A fotografia dialoga com o poema pelo fato de ele erigir uma simbolicidade que proporciona todo um desconcerto do cenário. A escritura do poema está interligada às características da antipoesia, como a oralidade que se materializa através dos versos sem ausência de pontuação, a desconstrução das palavras, vocábulos escritos da maneiro como é pronunciado — posts. Além disso, na escrita, a falta de iniciais maiúsculas vincula-se também a ua ruptura com o tradicional. Percebamos que, de acordo com o senso comum, é dado ao signo paisagem toda uma simbologia aprazível, que preenche o imaginário de um observador com belezas. Daí notarmos a presença de um acoplamento por equivalentes em oposição entre este termo e o signo carcomida. Os pregos enguiçados e a aragem que é a brisa que abre as janelas opõem-se devido à dureza e à falta de funcionamento do primeiro e à suavidade do segundo e ambos convivem harmonicamente, esperpenticamente, no mesmo ambiente.          

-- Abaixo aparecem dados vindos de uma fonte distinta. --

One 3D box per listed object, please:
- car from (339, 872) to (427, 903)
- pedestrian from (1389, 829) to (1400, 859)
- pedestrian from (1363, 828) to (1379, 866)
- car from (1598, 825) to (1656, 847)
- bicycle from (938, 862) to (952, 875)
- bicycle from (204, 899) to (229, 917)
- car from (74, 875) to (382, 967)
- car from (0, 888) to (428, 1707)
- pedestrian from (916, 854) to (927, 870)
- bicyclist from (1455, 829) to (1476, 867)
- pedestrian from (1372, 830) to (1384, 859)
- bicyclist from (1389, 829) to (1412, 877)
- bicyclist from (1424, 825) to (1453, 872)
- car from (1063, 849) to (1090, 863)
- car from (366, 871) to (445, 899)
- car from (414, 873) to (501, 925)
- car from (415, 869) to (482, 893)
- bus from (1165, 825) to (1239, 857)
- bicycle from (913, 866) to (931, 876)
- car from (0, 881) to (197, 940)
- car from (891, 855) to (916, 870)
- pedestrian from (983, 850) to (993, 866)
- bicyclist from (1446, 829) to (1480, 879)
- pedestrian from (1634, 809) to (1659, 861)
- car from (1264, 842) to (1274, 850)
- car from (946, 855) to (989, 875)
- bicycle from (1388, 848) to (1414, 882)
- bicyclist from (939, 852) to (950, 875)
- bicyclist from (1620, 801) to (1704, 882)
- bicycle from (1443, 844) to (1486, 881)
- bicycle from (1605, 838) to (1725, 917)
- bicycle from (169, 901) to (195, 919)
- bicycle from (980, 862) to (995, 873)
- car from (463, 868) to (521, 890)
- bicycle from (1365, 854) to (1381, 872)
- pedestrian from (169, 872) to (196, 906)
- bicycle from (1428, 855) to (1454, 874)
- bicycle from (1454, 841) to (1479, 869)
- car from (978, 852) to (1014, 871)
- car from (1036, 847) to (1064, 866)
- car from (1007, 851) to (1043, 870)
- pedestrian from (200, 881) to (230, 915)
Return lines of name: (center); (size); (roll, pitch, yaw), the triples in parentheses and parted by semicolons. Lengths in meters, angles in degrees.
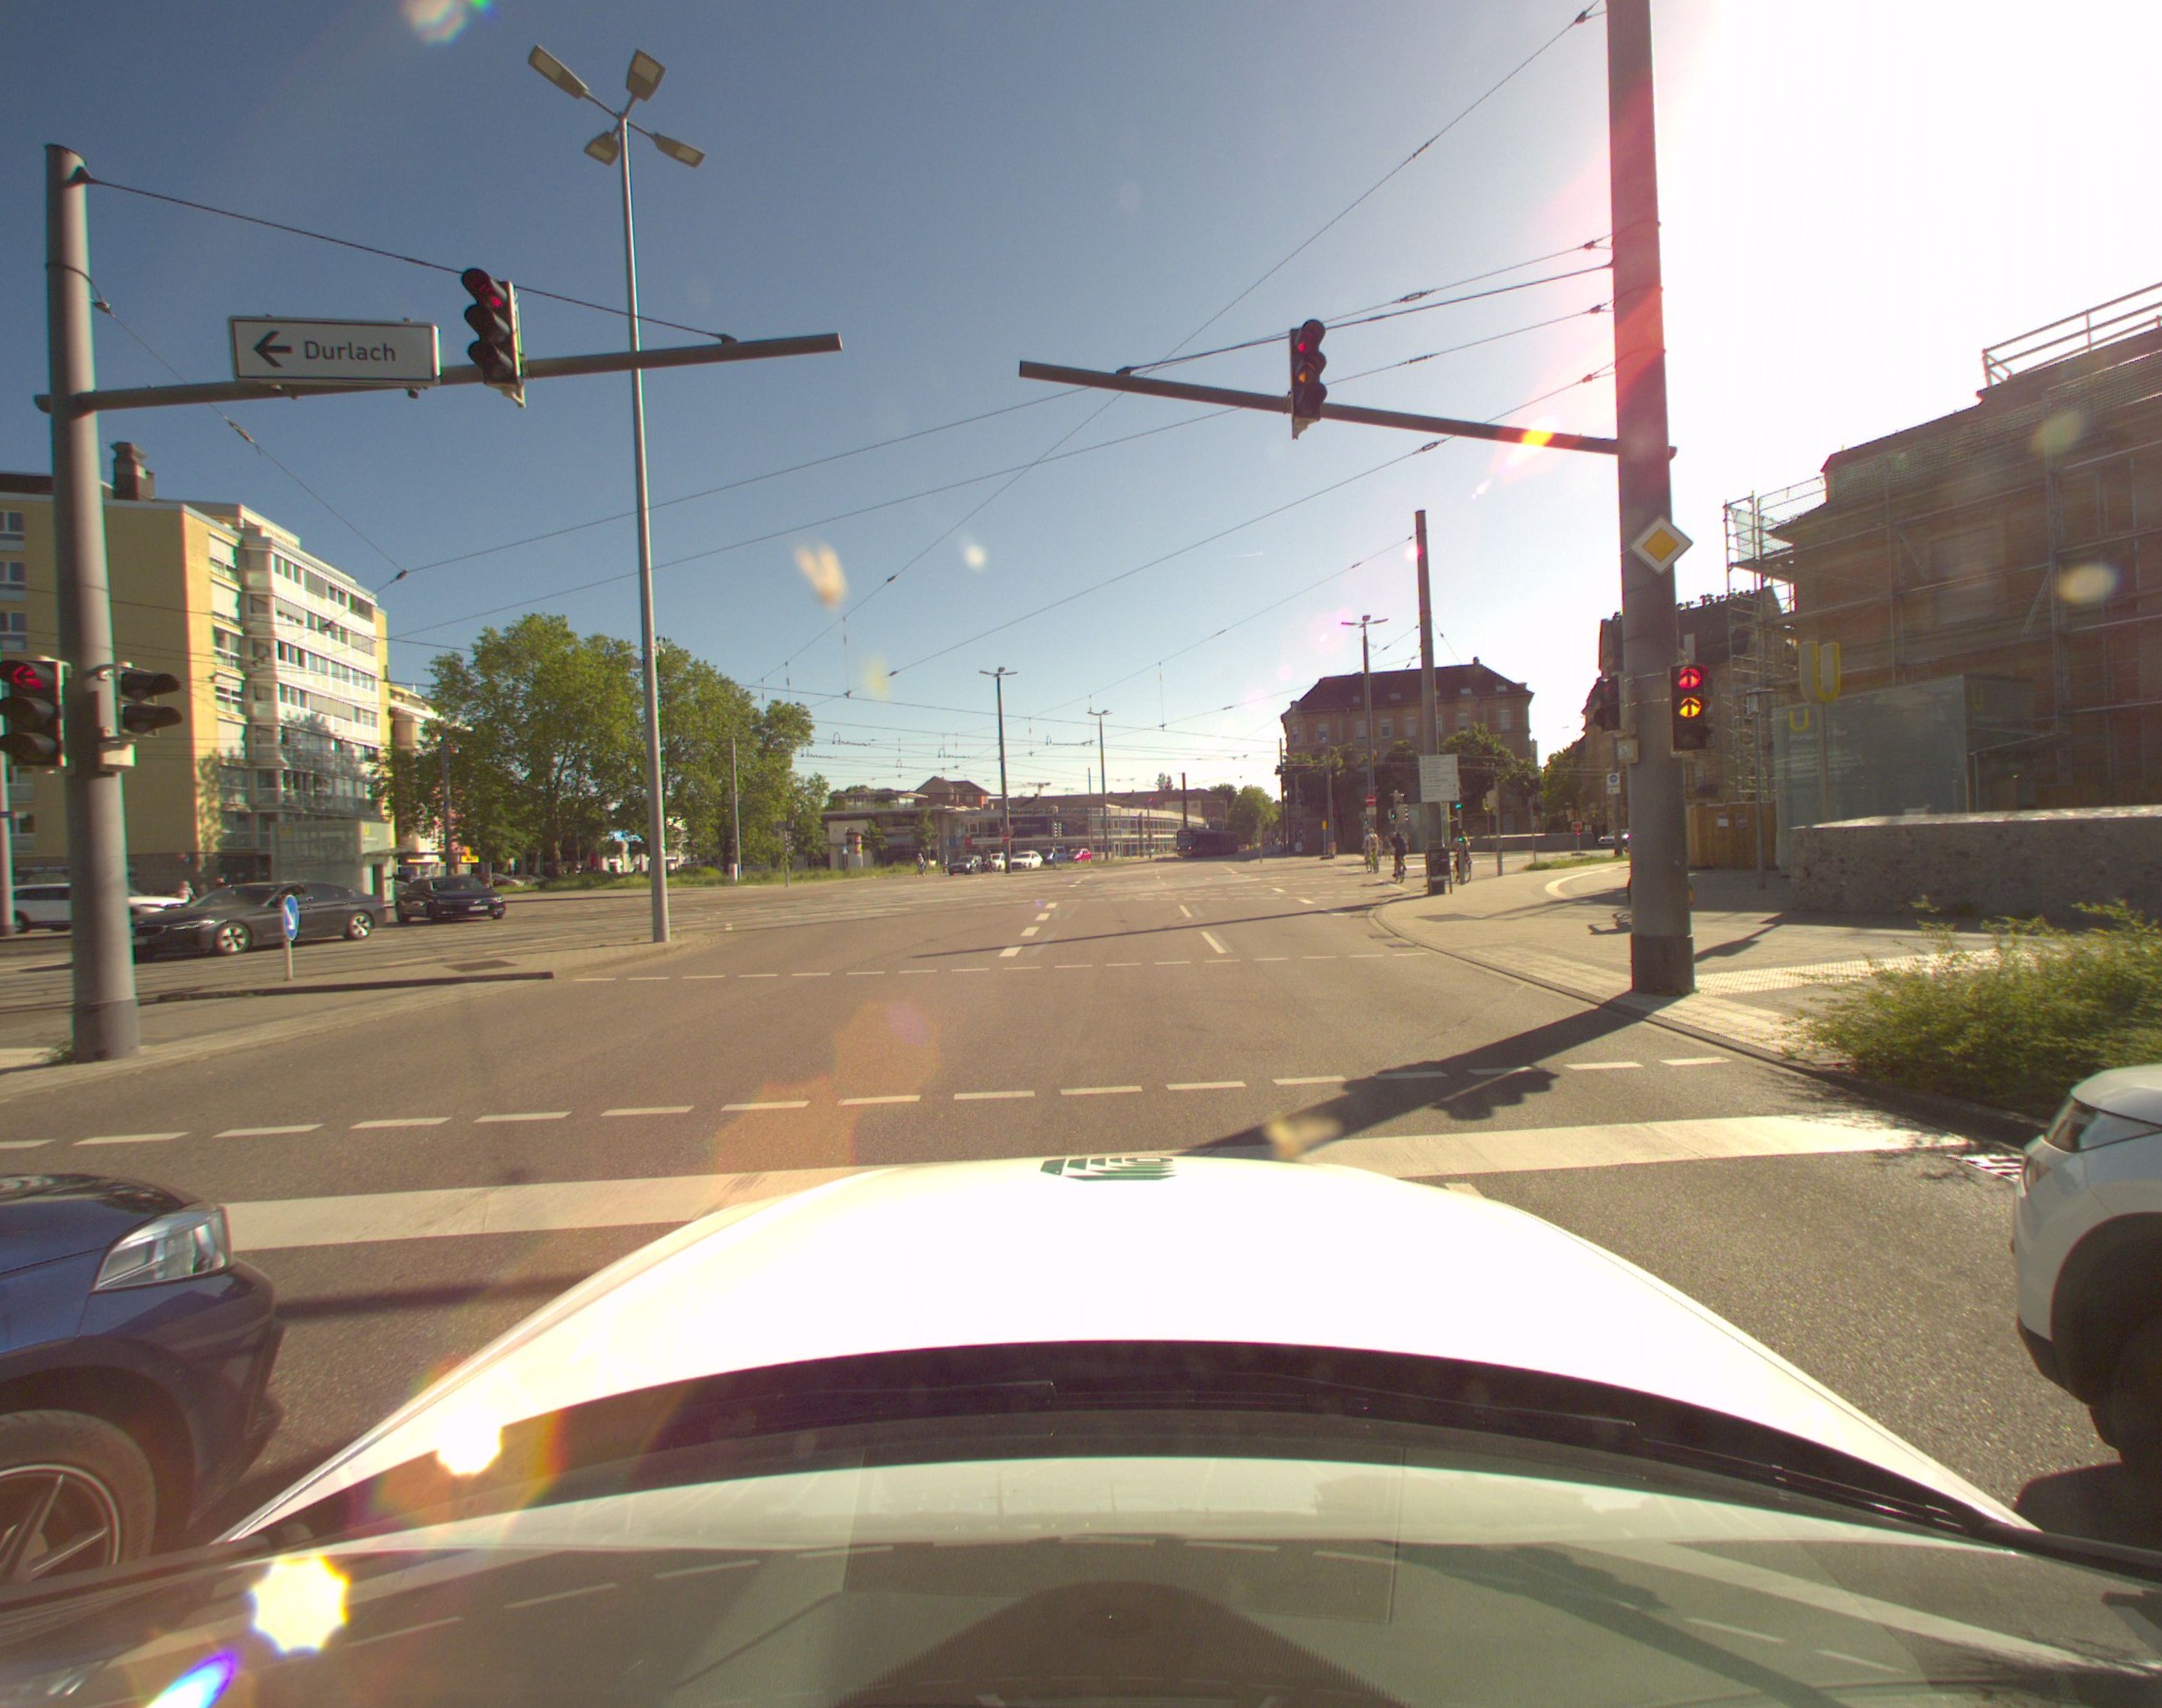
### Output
car: (-42.937, 2.044, 50.181); (3.742, 1.662, 1.585); (-2, 0, -18)
pedestrian: (21.391, -0.693, 55.611); (0.461, 2.013, 0.449); (-3, 0, -16)
pedestrian: (12.333, -0.299, 34.614); (0.543, 1.562, 0.863); (-2, 0, 22)
car: (43.853, -1.456, 65.397); (4.330, 1.563, 1.786); (-2, 0, -24)
bicycle: (-10.513, 1.133, 63.049); (0.464, 0.926, 1.481); (-2, 0, 16)
bicycle: (-41.864, 2.618, 39.435); (0.462, 0.780, 1.789); (-2, 0, -35)
car: (-17.658, 1.287, 17.280); (1.855, 1.501, 4.561); (-2, 0, -4)
car: (-2.669, 0.823, 0.161); (1.704, 1.445, 4.034); (-1, 0, 2)
pedestrian: (-11.950, 0.592, 60.970); (0.418, 1.204, 0.684); (-2, 0, 28)
bicyclist: (16.487, -0.265, 34.946); (0.567, 1.568, 0.950); (-4, 0, 15)
pedestrian: (20.769, -0.677, 56.908); (0.574, 2.013, 0.449); (-3, 0, -16)
bicyclist: (11.176, -0.040, 28.475); (0.621, 1.637, 0.999); (0, 1, 14)
bicyclist: (13.979, -0.216, 31.839); (0.742, 1.778, 0.926); (-3, 0, 9)
car: (-0.443, 0.244, 86.286); (1.613, 1.364, 3.703); (-2, 0, 18)
car: (-45.811, 2.082, 55.292); (3.742, 1.662, 1.585); (-2, 0, -18)
car: (-19.895, 1.379, 25.917); (1.737, 1.438, 4.125); (-2, 0, -43)
car: (-49.899, 2.138, 64.310); (3.742, 1.662, 1.585); (-2, 0, -18)
bus: (16.425, -1.536, 107.177); (3.803, 3.607, 24.999); (-1, 0, 22)
bicycle: (-11.902, 1.278, 61.006); (0.418, 0.718, 1.484); (-2, 0, 28)
car: (-33.562, 1.891, 27.708); (4.306, 1.653, 1.847); (-2, 0, -18)
car: (-21.873, 1.071, 100.592); (1.958, 1.706, 4.085); (-2, 0, 2)
pedestrian: (-6.938, 0.302, 60.738); (0.419, 1.204, 0.753); (-2, 0, 19)
bicyclist: (12.784, 0.000, 27.274); (0.681, 1.598, 0.979); (-2, 0, 6)
pedestrian: (21.189, -0.715, 30.512); (0.692, 1.881, 0.725); (-2, 0, 32)
car: (36.824, -1.615, 159.317); (1.686, 1.503, 4.284); (-2, 0, 17)
car: (-8.501, 0.782, 61.242); (1.689, 1.354, 3.719); (-2, 0, 19)
bicycle: (11.185, 0.372, 28.506); (0.621, 1.114, 1.858); (0, 1, 14)
bicyclist: (-10.536, 0.735, 62.949); (0.564, 1.713, 0.651); (-2, 0, 16)
bicyclist: (9.902, -0.213, 13.912); (0.717, 1.279, 0.908); (-4, 0, 1)
bicycle: (12.791, 0.268, 27.216); (0.681, 1.163, 1.887); (-2, 0, 6)
bicycle: (9.885, 0.366, 13.872); (0.687, 1.218, 1.836); (-4, 0, 2)
bicycle: (-42.980, 2.671, 38.954); (0.489, 0.812, 1.595); (-2, 0, -35)
bicycle: (-6.982, 1.005, 60.596); (0.419, 0.718, 1.642); (-2, 0, 19)
car: (-51.473, 2.166, 71.234); (3.742, 1.662, 1.585); (-2, 0, -18)
bicycle: (12.394, 0.380, 34.552); (0.532, 0.655, 1.735); (-3, 0, 21)
pedestrian: (-43.029, 1.678, 38.992); (0.719, 1.560, 0.551); (-2, 0, -34)
bicycle: (13.986, 0.407, 31.698); (0.534, 0.655, 1.471); (-3, 0, 9)
bicycle: (16.491, 0.024, 34.876); (0.567, 1.125, 1.747); (-4, 0, 15)
car: (-6.981, 0.570, 67.165); (1.613, 1.424, 3.702); (-2, 0, 17)
car: (-2.995, 0.237, 79.215); (1.613, 1.692, 3.702); (-2, 0, 17)
car: (-4.476, 0.507, 65.222); (1.613, 1.382, 3.754); (-2, 0, 17)
pedestrian: (-41.978, 2.116, 39.485); (0.769, 1.560, 0.610); (-2, 0, -28)

A paranomásia corporificada na homofonia das rimas entre retratos e pratos aproximam objetos que, no mesmo espaço, não estão definidamente situados, por causa da preposição que sucede o primeiro signo e o advérbio posterior ao segundo. Isso intensifica a ideia de algo que fora carcomido ao ponto de estes objetos não estarem diretamente sinalizados num local específico. Daí serem compreensíveis as fissur(as) apontadas no texto e estas se materializam inclusive no aspecto formal da escrita. Conteúdo e forma unem-se através dessa inusitada ocorrência, gerando o isomorfismo e registrando o que deveras está fissurado, como “paixões se dir”, “qudros, posts, relâmpagos!!!”  Este último signo possui equivalência com o vocábulo fissura, uma vez que ele rompe com o silêncio.

Este fenômeno posiciona-se como um sinsigno pelo fato de singularizar um momento com sua inesperada ocorrência.  Daí o relâmpago ser também semanticamente a fissura de um instante linear e padronizado, como as nódoas, que estão mencionadas no poema, fendem com a unidade da cor. Os sinais de exclamação repetidos três vezes enfatizam a surpresa gerada através de todas essas rupturas sígnicas e, dessa maneira, o desconcerto esperpêntico se faz presente.

In: DIAS JUNIOR, Valter Gomes. A poesia de Antonio Miranda e suas intersemioses. João Pessoa, PB: Universidade Federal da Paraíba, Centro de Ciências Humanas, Letras e Artes, Departamento de Pós-graduação em Letras, 2014.  268 p. Tese de doutorado defendida com Louvor.